Would per capita U.S. wellbeing be maximized by unrestricted immigration?



Both Leftists and libertarians sometimes argue to that effect, though I suspect that only libertarians are serious about it. Although I am broadly sympathetic to libertarianism, I think this is one instance where we can see that libertarianism can be as narrow, dogmatic and utopian as Leftism.

Reproduced below is a coda to an article by economic historian Martin Hutchinson. The article is primarily concerned to offer a thoroughly Ricardian analysis of international wage differentials. Rather curiously, Ricardo was a good friend of Malthus and Hutchinson is also vigorously Malthusian. In the present U.S. situation that is perhaps not totally incomprehensible


In a theoretical economic model, welfare might be optimized by eliminating immigration restrictions. But that could not happen by moving the Indian, Chinese and African population to the U.S. and raising their wages to U.S. levels, because they would not be sufficiently more efficient in a U.S. setting to support the higher wages. Instead, while the overall global average wage might be somewhat higher, most of the differential would be eliminated by U.S. wages falling to emerging market levels. U.S. politicians, responsible for the welfare only of the U.S. electorate, would be betraying their voters if they contemplated any such move.

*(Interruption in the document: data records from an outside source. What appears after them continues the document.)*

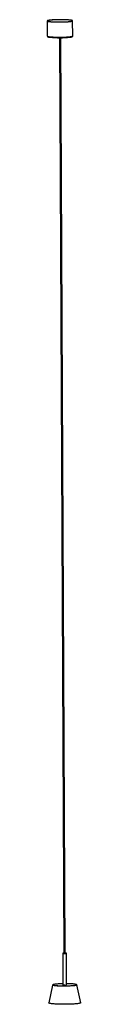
# Model space of a CAD drawing. Header units: millimetres. Extents: x -153 to -47, y 311 to 3413.
import ezdxf

# ---------------------------------------------------------------- set-up
doc = ezdxf.new("R2010")
doc.units = ezdxf.units.MM

msp = doc.modelspace()

# ---------------------------------------------------------------- linework, layer by layer
at = {"color": 7, "linetype": 'Continuous', "lineweight": 25}
for p, q in [((-152.7, 3409.4), (-152.5, 3361.6)), ((-72.5, 3362), (-72.7, 3409.8)), ((-114.4, 3356.4), (-100.1, 471.7)), ((-96.1, 471.7), (-110.4, 3356.4)), ((-104, 471.7), (-103.5, 371.9)), ((-91.8, 372), (-92.3, 471.7)), ((-135.8, 371.3), (-147.5, 315.2)), ((-47.2, 315.7), (-59.5, 371.7))]:
    msp.add_line(p, q, dxfattribs=at)
at = {"color": 7, "linetype": 'Continuous', "lineweight": 25, "flags": 128}
for points in [[(-116.8, 3413.2), (-120.5, 3413.1), (-124.1, 3413), (-127.7, 3412.9), (-131.1, 3412.7), (-134.3, 3412.5), (-137.4, 3412.3), (-140.2, 3412.1), (-142.8, 3411.8), (-145.1, 3411.6), (-147.2, 3411.3), (-148.9, 3411), (-150.4, 3410.6), (-151.5, 3410.3), (-152.2, 3410), (-152.6, 3409.6), (-152.7, 3409.3), (-152.4, 3409), (-151.7, 3408.6), (-150.8, 3408.3), (-149.4, 3408), (-147.8, 3407.7), (-145.8, 3407.4), (-143.6, 3407.2), (-141.1, 3406.9), (-138.3, 3406.7), (-135.3, 3406.5), (-132.1, 3406.4), (-128.8, 3406.2), (-125.3, 3406.1), (-121.7, 3406.1), (-118, 3406), (-114.2, 3406), (-110.5, 3406), (-106.8, 3406.1), (-103.1, 3406.2), (-99.5, 3406.3), (-96, 3406.4), (-92.7, 3406.6), (-89.5, 3406.8), (-86.6, 3407), (-83.9, 3407.3), (-81.4, 3407.5), (-79.2, 3407.8), (-77.3, 3408.1), (-75.7, 3408.4), (-74.4, 3408.7), (-73.5, 3409.1), (-72.9, 3409.4), (-72.7, 3409.8), (-72.8, 3410.1), (-73.3, 3410.4), (-74.1, 3410.8), (-75.3, 3411.1), (-76.7, 3411.4), (-78.5, 3411.7), (-80.6, 3411.9), (-83, 3412.2), (-85.7, 3412.4), (-88.5, 3412.6), (-91.6, 3412.8), (-94.9, 3412.9), (-98.3, 3413.1), (-101.9, 3413.1), (-105.6, 3413.2), (-109.3, 3413.2), (-113, 3413.2), (-116.8, 3413.2)], [(-116.7, 3413.1), (-120.3, 3413), (-123.9, 3412.9), (-127.4, 3412.8), (-130.8, 3412.6), (-134, 3412.5), (-137, 3412.2), (-139.8, 3412), (-142.3, 3411.8), (-144.6, 3411.5), (-146.6, 3411.2), (-148.3, 3410.9), (-149.6, 3410.6), (-150.7, 3410.2), (-151.3, 3409.9), (-151.7, 3409.6), (-151.6, 3409.2), (-151.3, 3408.9), (-150.5, 3408.6), (-149.5, 3408.3), (-148.1, 3408), (-146.3, 3407.7), (-144.3, 3407.4), (-142, 3407.1), (-139.4, 3406.9), (-136.6, 3406.7), (-133.6, 3406.5), (-130.3, 3406.4), (-126.9, 3406.3), (-123.4, 3406.2), (-119.8, 3406.1), (-116.1, 3406.1), (-112.4, 3406.1), (-108.7, 3406.1), (-105.1, 3406.2), (-101.5, 3406.3), (-98, 3406.4), (-94.6, 3406.6), (-91.4, 3406.8), (-88.4, 3407), (-85.6, 3407.2), (-83.1, 3407.5), (-80.8, 3407.7), (-78.8, 3408), (-77.1, 3408.3), (-75.8, 3408.7), (-74.7, 3409), (-74.1, 3409.3), (-73.7, 3409.7), (-73.8, 3410), (-74.1, 3410.3), (-74.9, 3410.7), (-75.9, 3411), (-77.3, 3411.3), (-79.1, 3411.6), (-81.1, 3411.8), (-83.4, 3412.1), (-86, 3412.3), (-88.8, 3412.5), (-91.8, 3412.7), (-95.1, 3412.8), (-98.4, 3413), (-102, 3413.1), (-105.6, 3413.1), (-109.2, 3413.1), (-113, 3413.1), (-116.7, 3413.1)], [(-100.1, 472.2), (-100.2, 472.2), (-101.5, 472.1), (-102.6, 472), (-103.4, 471.9), (-103.9, 471.8), (-104, 471.6), (-103.7, 471.5), (-103.1, 471.4), (-102.2, 471.3), (-101.1, 471.2), (-99.7, 471.2), (-98.3, 471.2), (-96.8, 471.2), (-95.4, 471.2), (-94.2, 471.3), (-93.3, 471.4), (-92.6, 471.6), (-92.3, 471.7), (-92.4, 471.8), (-92.8, 471.9), (-93.5, 472), (-94.6, 472.1), (-95.9, 472.2), (-96.1, 472.2)], [(-103.5, 375.5), (-105, 375.5), (-108.6, 375.4), (-112, 375.3), (-115.3, 375.1), (-118.4, 374.9), (-121.3, 374.7), (-124, 374.5), (-126.4, 374.2), (-128.6, 373.9), (-130.5, 373.7), (-132, 373.3), (-132.8, 373.1)], [(-61.9, 373.3), (-62.1, 373.4), (-63.4, 373.7), (-64.9, 374), (-66.8, 374.3), (-69, 374.5), (-71.5, 374.8), (-74.2, 375), (-77.1, 375.1), (-80.2, 375.3), (-83.5, 375.4), (-87, 375.5), (-90.5, 375.6), (-91.8, 375.6)], [(-134.4, 371.5), (-134.1, 371.4), (-133.2, 371.1), (-131.9, 370.8), (-130.3, 370.5), (-128.5, 370.2), (-126.3, 370), (-123.8, 369.7), (-121.1, 369.5), (-118.2, 369.3), (-115, 369.2), (-111.7, 369.1), (-108.3, 369), (-104.8, 368.9), (-101.1, 368.9), (-97.5, 368.9), (-93.9, 368.9)], [(-97, 371.4), (-98.5, 371.4), (-99.9, 371.4), (-101.2, 371.5), (-102.2, 371.6), (-103, 371.7), (-103.4, 371.8), (-103.5, 371.9)], [(-93.9, 368.9), (-90.3, 369), (-86.7, 369.1), (-83.3, 369.2), (-80, 369.4), (-76.9, 369.6), (-74, 369.8), (-71.3, 370), (-68.8, 370.3), (-66.7, 370.5), (-64.8, 370.8), (-63.3, 371.1), (-62, 371.5), (-61.2, 371.8), (-61, 371.9)], [(-92.3, 310.8), (-96.5, 310.8), (-100.7, 310.8), (-104.8, 310.8), (-109, 310.9), (-113, 310.9), (-116.9, 311.1), (-120.7, 311.2), (-124.4, 311.4), (-127.8, 311.6), (-131, 311.8), (-134, 312), (-136.8, 312.3), (-139.2, 312.6), (-141.4, 312.9), (-143.2, 313.3), (-144.8, 313.6), (-146, 314), (-146.8, 314.3), (-147.4, 314.7), (-147.5, 315.1), (-147.5, 315.2)], [(-47.2, 315.7), (-47.2, 315.4), (-47.6, 315), (-48.3, 314.6), (-49.4, 314.2), (-50.8, 313.9), (-52.5, 313.5), (-54.5, 313.2), (-56.9, 312.8), (-59.5, 312.5), (-62.4, 312.2), (-65.5, 312), (-68.8, 311.7), (-72.4, 311.5), (-76.1, 311.3), (-80, 311.2), (-84, 311), (-88.1, 310.9), (-92.3, 310.8)]]:
    msp.add_lwpolyline(points, dxfattribs=at)
at = {"color": 8, "linetype": 'Continuous', "lineweight": 25, "flags": 128}
for points in [[(-152.5, 3361.6), (-152.4, 3361.5), (-152.1, 3361.2), (-151.5, 3360.8), (-150.5, 3360.5), (-149.2, 3360.2), (-147.6, 3359.9), (-145.6, 3359.6), (-143.4, 3359.4), (-140.8, 3359.1), (-138.1, 3358.9), (-135.1, 3358.7), (-131.9, 3358.6), (-128.5, 3358.4), (-125, 3358.3), (-121.4, 3358.2), (-117.7, 3358.2), (-114, 3358.2), (-110.3, 3358.2), (-106.5, 3358.3), (-102.9, 3358.4), (-99.3, 3358.5), (-95.8, 3358.6), (-92.5, 3358.8), (-89.3, 3359), (-86.3, 3359.2), (-83.6, 3359.5), (-81.2, 3359.7), (-79, 3360), (-77.1, 3360.3), (-75.5, 3360.6), (-74.2, 3360.9), (-73.3, 3361.3), (-72.7, 3361.6), (-72.5, 3362), (-72.5, 3362)], [(-132.8, 373.1), (-133.2, 373), (-134.1, 372.7), (-134.6, 372.4), (-134.8, 372), (-134.6, 371.7), (-134.4, 371.5)], [(-61, 371.9), (-60.7, 372.1), (-60.5, 372.4), (-60.7, 372.8), (-61.2, 373.1), (-61.9, 373.3)], [(-59.5, 371.7), (-59.5, 371.4), (-60, 371.1), (-60.7, 370.7), (-61.9, 370.4), (-63.3, 370.1), (-65.1, 369.8), (-67.2, 369.5), (-69.5, 369.3), (-72.2, 369), (-75, 368.8), (-78.1, 368.6), (-81.4, 368.4), (-84.8, 368.3), (-88.3, 368.2), (-91.9, 368.1), (-95.6, 368), (-99.3, 368), (-103, 368), (-106.6, 368.1), (-110.1, 368.1), (-113.5, 368.2), (-116.8, 368.4), (-119.9, 368.5), (-122.8, 368.7), (-125.5, 369), (-127.9, 369.2), (-130, 369.5), (-131.8, 369.7), (-133.3, 370), (-134.4, 370.4), (-135.2, 370.7), (-135.7, 371), (-135.8, 371.3)]]:
    msp.add_lwpolyline(points, dxfattribs=at)
at = {"color": 7, "linetype": 'Continuous', "lineweight": 25}
for centre, radius, start, end in [((-113.8, 3665.8), 309.5, 264.3331, 276.0184), ((-98.2, 479.3), 7.82, 255.4626, 285.1054), ((-95.9, 385.5), 14.2, 265.2564, 286.7259)]:
    msp.add_arc(centre, radius, start, end, dxfattribs=at)
for points, knots in [([(-152.4, 3361.6), (-152.4, 3361.5), (-152.5, 3361.2), (-152.2, 3360.6), (-151.8, 3360), (-151.4, 3359.6), (-150.8, 3359.2), (-149.9, 3358.9), (-148.8, 3358.5), (-147.3, 3358.2), (-146, 3358), (-145, 3357.9), (-144.6, 3357.8)], [0, 0, 0, 0, 0.0192, 0.086198, 0.151751, 0.223591, 0.313139, 0.440705, 0.607379, 0.763153, 0.927721, 1, 1, 1, 1]), ([(-81.1, 3358), (-81, 3358), (-80.2, 3358.1), (-78.8, 3358.3), (-77.2, 3358.7), (-75.8, 3359), (-74.7, 3359.4), (-73.9, 3359.7), (-73.3, 3360.2), (-72.8, 3360.7), (-72.5, 3361.3), (-72.5, 3361.8), (-72.5, 3362)], [0, 0, 0, 0, 0.025338, 0.171709, 0.31953, 0.470126, 0.62691, 0.750129, 0.830721, 0.896696, 0.958246, 1, 1, 1, 1]), ([(-133.1, 373.1), (-133.2, 373.1), (-133.7, 373), (-134.4, 372.7), (-135.1, 372.4), (-135.6, 371.9), (-135.7, 371.5), (-135.8, 371.4)], [0, 0, 0, 0, 0.047449, 0.361156, 0.691875, 0.862232, 1, 1, 1, 1]), ([(-59.5, 371.7), (-59.5, 371.8), (-59.6, 372.1), (-59.9, 372.5), (-60.3, 372.8), (-60.8, 373.1), (-61.3, 373.2), (-61.5, 373.3)], [0, 0, 0, 0, 0.079081, 0.266941, 0.483729, 0.792093, 1, 1, 1, 1])]:
    msp.add_open_spline(points, degree=3, knots=knots, dxfattribs=at)

doc.saveas('drawing.dxf')

In reality, any such mass migration would incur such huge assimilation costs that the theoretical benefits of leveling the playing field would be largely wiped out. However, that is not a counsel of despair. Free trade is not the same thing as free migration; the case for it is very much stronger. In particular, the “globalization” caused by the Internet and modern telecommunications has hugely increased economic welfare for the citizens of poorer countries, provided those countries are even moderately competently run. (The recent economic histories of India and China, both badly run countries by any Western standards outside Greece, are good examples of this.)

It is now clear however that globalization has also depressed living standards for the less able citizens of rich countries, raising their unemployment rate as wages are to a certain extent “sticky” on the downside. That does not mean that globalization should be rejected by Western politicians; having been an artifact of technology rather than policy, it would almost certainly have been impossible to stop, and any attempt to do so would have left the country attempting it both poorer and more isolated than when it began. In any case, there is every sign that the initial effect of the Internet revolution is approaching completion; the rapid increase in Chinese wage rates and disappearance of the Chinese balance of payments surplus certainly suggests that a new equilibrium is being reached.

To improve the living standards of Western countries’ citizens in this new equilibrium, and reduce their debilitatingly high unemployment, new policies are necessary. Increasing mass immigration increases the pressure on domestic living standards, especially at the bottom; it should thus be avoided. Education, so often touted as the panacea for facing the increase in international competition, is clearly no such thing, because it is of mediocre quality and excessive cost. In any case at all but the most exclusive levels it can easily be copied overseas (as the recent Indian successes in the software business have demonstrated.) Instead, interest rates must be raised to levels that rebuild the capital base in rich countries, rather than decimating it as has been the case with the Greenspan/Bernanke polices. By increasing the incentives to saving, and the returns from it, policymakers can increase the rich countries’ natural advantage in capital availability, and reduce their pension and medical expenses by providing citizens with higher investment returns.

The other need is for policymakers to reduce the level of waste in the public sector, most of which produces “output” that is laughably overvalued in GDP statistics. Especially in Europe, living standards, already under threat, have been reduced further by the exactions of oversized and unproductive public sectors. Cutting this waste will leave more money in citizens’ pockets, and improve their living standards thereby.

Wage differentials between rich and poor countries are natural, caused by differentials in those countries’ capital endowments, infrastructure and institutional effectiveness. Their natural level has been reduced by the Internet, and will doubtless be reduced further by future technological advances. But as far as possible, responsible Western policymakers should work to ensure that this reduction in differentials produces only improvements in emerging markets’ living standards, without allowing it to immiserate their own people.